- Zhangfang Town Location in Hunan
- Coordinates: 28°19′38″N 114°05′57″E﻿ / ﻿28.32722°N 114.09917°E
- Country: People's Republic of China
- Province: Hunan
- Prefecture-level city: Changsha
- County-level city: Liuyang

Area
- • Total: 319.3 km^{2} (123.3 sq mi)

Population (2015)
- • Total: 31,800
- • Density: 99.6/km^{2} (258/sq mi)
- Time zone: UTC+8 (China Standard)
- Postal code: 410308
- Area code: 0731

= Zhangfang, Liuyang =

Zhangfang Town (张坊镇 (張坊鎮, Zhāngfǎng Zhèn)) is a rural town in Liuyang City, Hunan Province, People's Republic of China.
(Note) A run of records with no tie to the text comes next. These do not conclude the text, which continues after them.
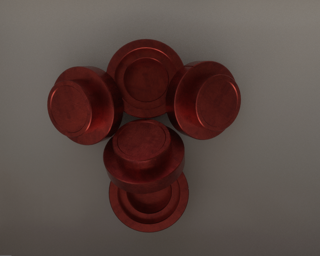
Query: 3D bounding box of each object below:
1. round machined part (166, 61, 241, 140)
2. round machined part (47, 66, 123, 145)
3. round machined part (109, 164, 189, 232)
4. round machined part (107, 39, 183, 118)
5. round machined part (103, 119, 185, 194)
[{"bbox_3d":[0.060,-0.033,0.379,0.099,0.042,0.097,-7,104,-29],"label":"round machined part"},{"bbox_3d":[-0.098,-0.026,0.379,0.098,0.042,0.097,6,104,26],"label":"round machined part"},{"bbox_3d":[-0.013,0.080,0.401,0.099,0.042,0.097,0,90,0],"label":"round machined part"},{"bbox_3d":[-0.017,-0.061,0.400,0.099,0.042,0.097,0,90,0],"label":"round machined part"},{"bbox_3d":[-0.020,0.026,0.372,0.099,0.098,0.042,-6,134,0],"label":"round machined part"}]
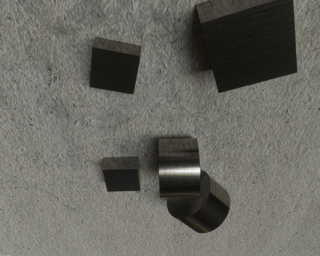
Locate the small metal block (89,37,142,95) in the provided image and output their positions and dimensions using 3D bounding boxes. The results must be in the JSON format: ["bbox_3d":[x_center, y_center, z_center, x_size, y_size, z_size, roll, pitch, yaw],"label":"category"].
[{"bbox_3d":[-0.050,-0.069,0.348,0.050,0.025,0.050,9,130,-8],"label":"small metal block"}]

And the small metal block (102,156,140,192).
[{"bbox_3d":[-0.056,0.070,0.466,0.050,0.025,0.050,-2,130,1],"label":"small metal block"}]

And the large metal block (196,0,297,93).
[{"bbox_3d":[0.088,-0.091,0.314,0.080,0.050,0.080,-14,129,11],"label":"large metal block"}]

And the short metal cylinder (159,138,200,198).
[{"bbox_3d":[0.025,0.054,0.417,0.050,0.080,0.079,-1,130,1],"label":"short metal cylinder"}]

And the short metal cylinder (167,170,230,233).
[{"bbox_3d":[0.057,0.109,0.465,0.080,0.080,0.050,-33,123,25],"label":"short metal cylinder"}]
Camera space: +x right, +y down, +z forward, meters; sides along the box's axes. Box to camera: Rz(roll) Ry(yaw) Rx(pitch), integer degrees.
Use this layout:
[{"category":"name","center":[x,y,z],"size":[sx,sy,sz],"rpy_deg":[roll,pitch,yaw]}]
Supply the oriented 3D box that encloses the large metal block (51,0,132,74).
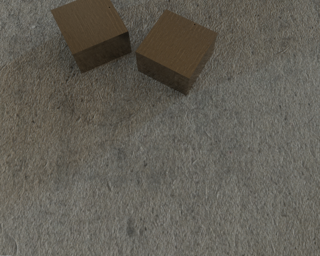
[{"category":"large metal block","center":[-0.096,-0.138,0.444],"size":[0.080,0.050,0.080],"rpy_deg":[-26,72,-9]}]

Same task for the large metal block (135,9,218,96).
[{"category":"large metal block","center":[0.023,-0.105,0.433],"size":[0.080,0.050,0.080],"rpy_deg":[29,72,10]}]
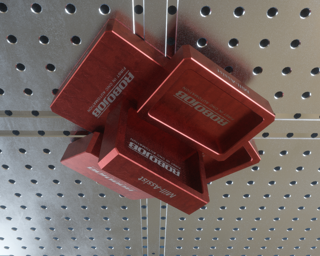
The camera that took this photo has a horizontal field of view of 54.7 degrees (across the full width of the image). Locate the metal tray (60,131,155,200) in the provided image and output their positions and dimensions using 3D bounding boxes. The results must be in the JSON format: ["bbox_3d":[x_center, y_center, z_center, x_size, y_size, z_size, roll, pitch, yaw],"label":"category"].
[{"bbox_3d":[-0.061,0.058,0.433,0.130,0.030,0.090,35,147,-26],"label":"metal tray"}]

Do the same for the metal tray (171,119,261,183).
[{"bbox_3d":[0.063,0.036,0.438,0.130,0.030,0.090,-27,126,20],"label":"metal tray"}]

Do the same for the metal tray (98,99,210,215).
[{"bbox_3d":[-0.003,0.033,0.357,0.130,0.090,0.030,33,122,-25],"label":"metal tray"}]

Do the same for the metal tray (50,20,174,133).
[{"bbox_3d":[-0.057,-0.048,0.365,0.090,0.030,0.129,32,123,-25],"label":"metal tray"}]

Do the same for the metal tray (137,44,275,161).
[{"bbox_3d":[0.051,-0.022,0.351,0.131,0.030,0.090,29,124,-23],"label":"metal tray"}]
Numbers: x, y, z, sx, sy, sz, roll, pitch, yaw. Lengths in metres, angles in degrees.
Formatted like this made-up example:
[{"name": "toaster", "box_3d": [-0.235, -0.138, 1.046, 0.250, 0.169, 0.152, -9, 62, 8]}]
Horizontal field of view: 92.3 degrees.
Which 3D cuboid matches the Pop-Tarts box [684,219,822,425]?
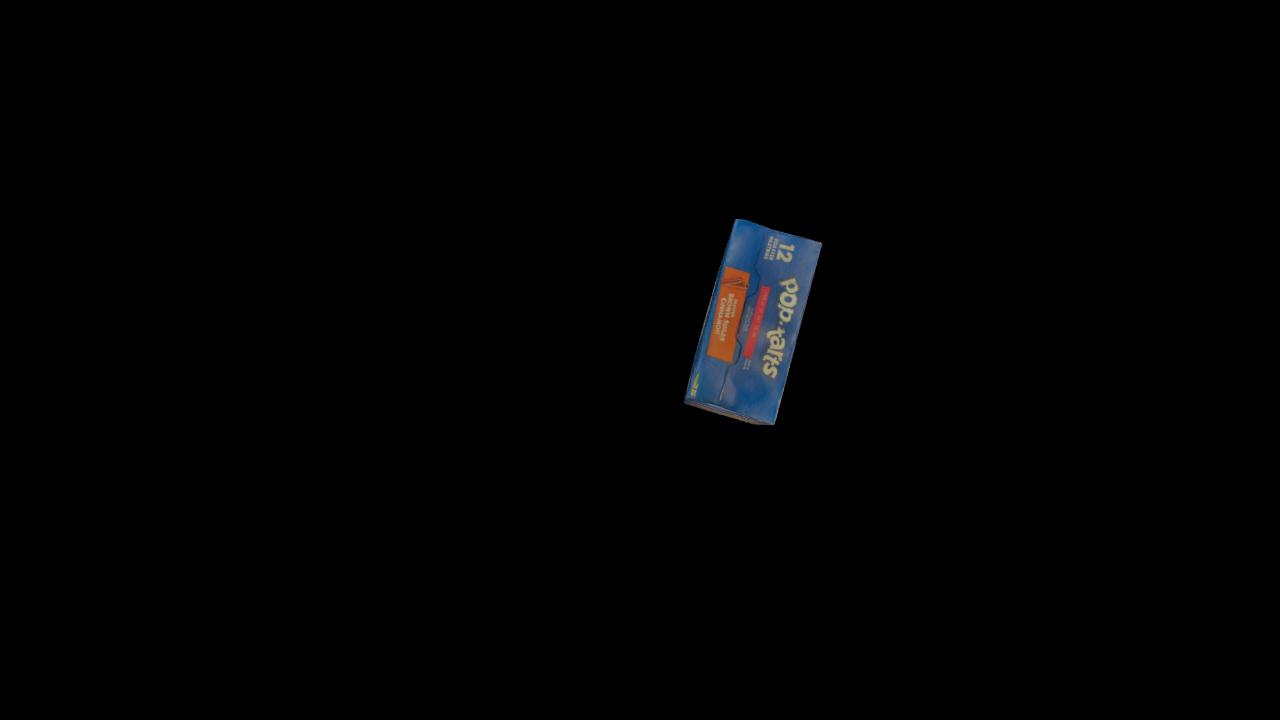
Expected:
[{"name": "Pop-Tarts box", "box_3d": [0.102, -0.028, 0.597, 0.083, 0.167, 0.141, 15, -5, 4]}]
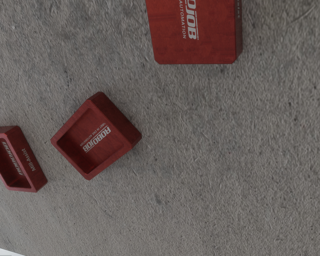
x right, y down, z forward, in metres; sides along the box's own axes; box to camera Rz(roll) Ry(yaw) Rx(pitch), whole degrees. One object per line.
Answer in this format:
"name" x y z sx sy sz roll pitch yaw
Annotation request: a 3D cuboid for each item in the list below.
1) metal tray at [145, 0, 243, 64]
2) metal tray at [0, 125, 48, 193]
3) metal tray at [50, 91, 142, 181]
"metal tray" 0.032 -0.130 0.306 0.090 0.030 0.129 5 121 25
"metal tray" -0.279 0.060 0.588 0.090 0.030 0.129 -3 117 29
"metal tray" -0.099 0.017 0.466 0.090 0.030 0.129 48 129 -6
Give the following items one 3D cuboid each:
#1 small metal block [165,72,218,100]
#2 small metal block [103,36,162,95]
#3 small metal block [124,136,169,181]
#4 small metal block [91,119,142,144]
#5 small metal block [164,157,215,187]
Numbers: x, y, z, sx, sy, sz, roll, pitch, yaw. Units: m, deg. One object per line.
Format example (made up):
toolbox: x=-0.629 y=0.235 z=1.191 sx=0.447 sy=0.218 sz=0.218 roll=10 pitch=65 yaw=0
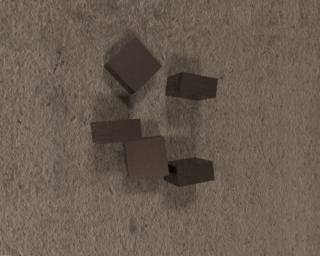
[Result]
small metal block: x=0.041 y=-0.054 z=0.412 sx=0.050 sy=0.050 sz=0.025 roll=7 pitch=88 yaw=-20
small metal block: x=-0.035 y=-0.079 z=0.397 sx=0.050 sy=0.025 sz=0.050 roll=47 pitch=75 yaw=-15
small metal block: x=-0.018 y=0.038 z=0.398 sx=0.050 sy=0.025 sz=0.050 roll=-8 pitch=93 yaw=-9
small metal block: x=-0.054 y=0.003 z=0.376 sx=0.050 sy=0.050 sz=0.025 roll=-5 pitch=92 yaw=-20
small metal block: x=0.036 y=0.057 z=0.411 sx=0.050 sy=0.050 sz=0.025 roll=-7 pitch=93 yaw=-21
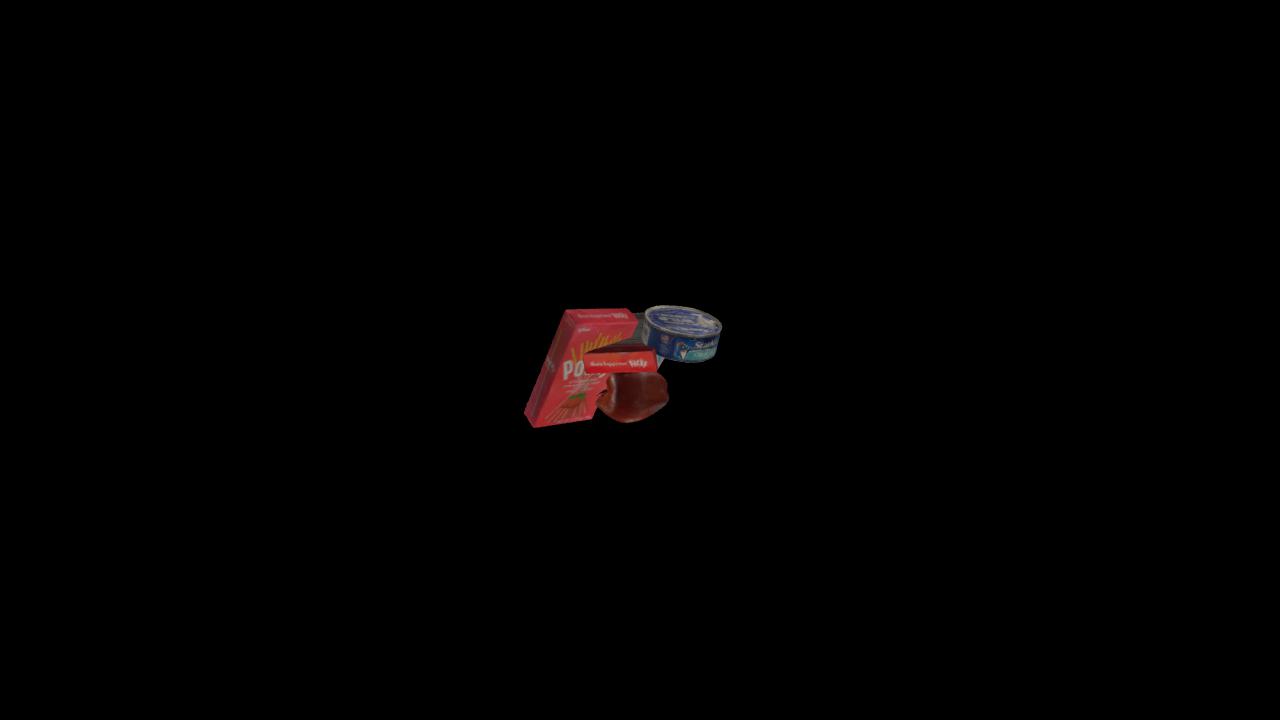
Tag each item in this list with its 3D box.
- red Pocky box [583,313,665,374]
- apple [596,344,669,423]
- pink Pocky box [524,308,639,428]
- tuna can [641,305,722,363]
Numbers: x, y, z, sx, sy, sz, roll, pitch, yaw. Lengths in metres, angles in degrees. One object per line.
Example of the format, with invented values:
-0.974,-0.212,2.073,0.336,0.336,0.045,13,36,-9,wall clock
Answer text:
-0.004,-0.023,0.711,0.083,0.028,0.155,0,20,16,red Pocky box
-0.013,0.037,0.738,0.093,0.079,0.079,2,-1,-31,apple
-0.067,0.010,0.687,0.084,0.155,0.029,-5,44,-40,pink Pocky box
0.043,-0.029,0.659,0.084,0.034,0.084,8,24,-4,tuna can
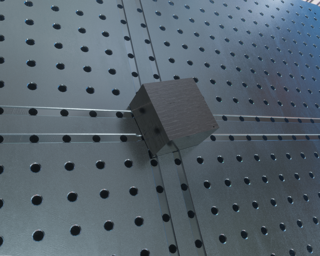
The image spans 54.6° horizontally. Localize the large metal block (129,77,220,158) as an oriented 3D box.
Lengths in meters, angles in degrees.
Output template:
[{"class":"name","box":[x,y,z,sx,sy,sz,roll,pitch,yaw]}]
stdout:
[{"class":"large metal block","box":[0.018,-0.016,0.409,0.081,0.050,0.080,-13,69,-33]}]
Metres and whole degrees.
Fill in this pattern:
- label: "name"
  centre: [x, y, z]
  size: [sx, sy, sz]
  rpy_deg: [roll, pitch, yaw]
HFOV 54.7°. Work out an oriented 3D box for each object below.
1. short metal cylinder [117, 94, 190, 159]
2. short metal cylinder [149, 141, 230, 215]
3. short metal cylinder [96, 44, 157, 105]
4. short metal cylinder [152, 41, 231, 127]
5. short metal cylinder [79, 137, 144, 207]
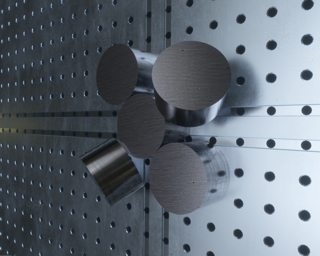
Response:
- label: "short metal cylinder"
  centre: [-0.009, -0.002, 0.398]
  size: [0.080, 0.050, 0.079]
  rpy_deg: [0, 90, 39]
- label: "short metal cylinder"
  centre: [0.034, 0.056, 0.363]
  size: [0.080, 0.050, 0.079]
  rpy_deg: [0, 90, 39]
- label: "short metal cylinder"
  centre: [-0.042, -0.070, 0.425]
  size: [0.080, 0.050, 0.079]
  rpy_deg: [0, 90, 39]
- label: "short metal cylinder"
  centre: [0.033, -0.047, 0.338]
  size: [0.080, 0.050, 0.080]
  rpy_deg: [-1, 70, 2]
- label: "short metal cylinder"
  centre: [-0.066, 0.059, 0.418]
  size: [0.080, 0.050, 0.080]
  rpy_deg: [50, 161, 25]
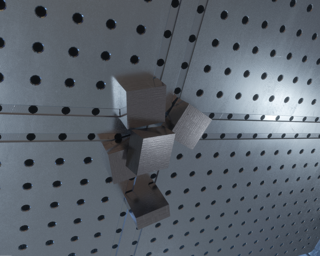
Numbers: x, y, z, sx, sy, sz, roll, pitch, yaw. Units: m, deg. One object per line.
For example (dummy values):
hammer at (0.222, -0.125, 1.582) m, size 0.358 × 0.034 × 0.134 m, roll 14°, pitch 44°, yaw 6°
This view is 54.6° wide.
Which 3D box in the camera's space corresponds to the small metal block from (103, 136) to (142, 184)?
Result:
small metal block at (-0.045, 0.041, 0.411) m, size 0.050 × 0.025 × 0.050 m, roll -17°, pitch 125°, yaw -19°

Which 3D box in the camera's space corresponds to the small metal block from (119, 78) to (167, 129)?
small metal block at (-0.021, -0.030, 0.380) m, size 0.050 × 0.025 × 0.050 m, roll -12°, pitch 124°, yaw -22°

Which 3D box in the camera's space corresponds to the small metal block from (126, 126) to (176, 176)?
small metal block at (-0.012, 0.027, 0.389) m, size 0.050 × 0.025 × 0.050 m, roll -8°, pitch 118°, yaw -39°

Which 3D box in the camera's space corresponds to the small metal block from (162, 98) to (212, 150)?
small metal block at (0.035, -0.005, 0.422) m, size 0.050 × 0.025 × 0.050 m, roll 30°, pitch 94°, yaw -38°

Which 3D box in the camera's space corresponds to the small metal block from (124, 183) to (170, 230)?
small metal block at (-0.019, 0.113, 0.454) m, size 0.050 × 0.050 × 0.025 m, roll -18°, pitch 126°, yaw -18°

As of the 2015 census it had a population of 31,800 and an area of 319.3 km2. It borders Daweishan Town in the north, Paibu Town in the east, the towns of Yonghe, Guandu and Dahu in the west, and Xiaohe Township in the south.

==Administrative divisions==

The town is divided into seven villages and two communities, which include the following areas:

- Shanghong Community (上洪社区)
- Zhangjiafang Community (张家坊社区)
- Baishi Village (白石村)
- Chalin Village (茶林村)
- Fuxi Village (富溪村)
- Tianxi Village (田溪村)
- Jiangkou Village (江口村)
- Chenqiao Village (陈桥村)
- Renxi Village (人溪村)

==Geography==

The Xiaoxi River (小溪河), a river in eastern Liuyang that rises in the town and discharges to Zhushuqiao Reservoir (株树桥水库).

The Banli Reservoir (板栗水库) is situated at the southwest of the town.

Mount Qixingling (七星岭) is the peak-point at the town, its peak elevation is 1607.8 m.

Mount Getengling (葛藤岭) is 851.2 m in elevation and Mount Litouling (立头岭) is 832.4 m in elevation.

==Economy==
The economy is supported primarily by farming and ranching.

==Education==
- Zhangfang Middle School

==Language==
Mandarin is the official provincial language and local people speak Hakka Chinese.

==Transportation==
===Railway===
The Haoji Railway, from Uxin Banner of Inner Mongolia to Ji'an of Jiangxi, through the town.

===Expressway===
The Changsha–Liuyang Expressway, from Changsha, running through the towns of Dongyang, Jiaoxi, Gugang, Sankou, Yonghe, Guandu to Jiangxi.

===Provincial Highway===
The Provincial Highway S309, which heads west to Jiangxi and east to Changsha, runs through the town.

==Attractions==

Honglian Temple (红莲寺 (Temple of Red Lotus)) is a Buddhist temple in the town.

Chen Zhenren Temple (陈真人庙) is a Taoist temple in the town.

The Former Residence of Wang Shoudao and the Former Residence of Li Bai are famous scenic spots in the town.

==Notable people==

- Li Bai (spy), a famous spy of the Chinese Communist Party.
- Wang Shoudao, a politician who served as Governor of Hunan, Minister of Transport and Chinese People's Political Consultative Conference Committee Chairman of Guangdong.
- Zhang Fan (张藩), lieutenant general in the People's Liberation Army.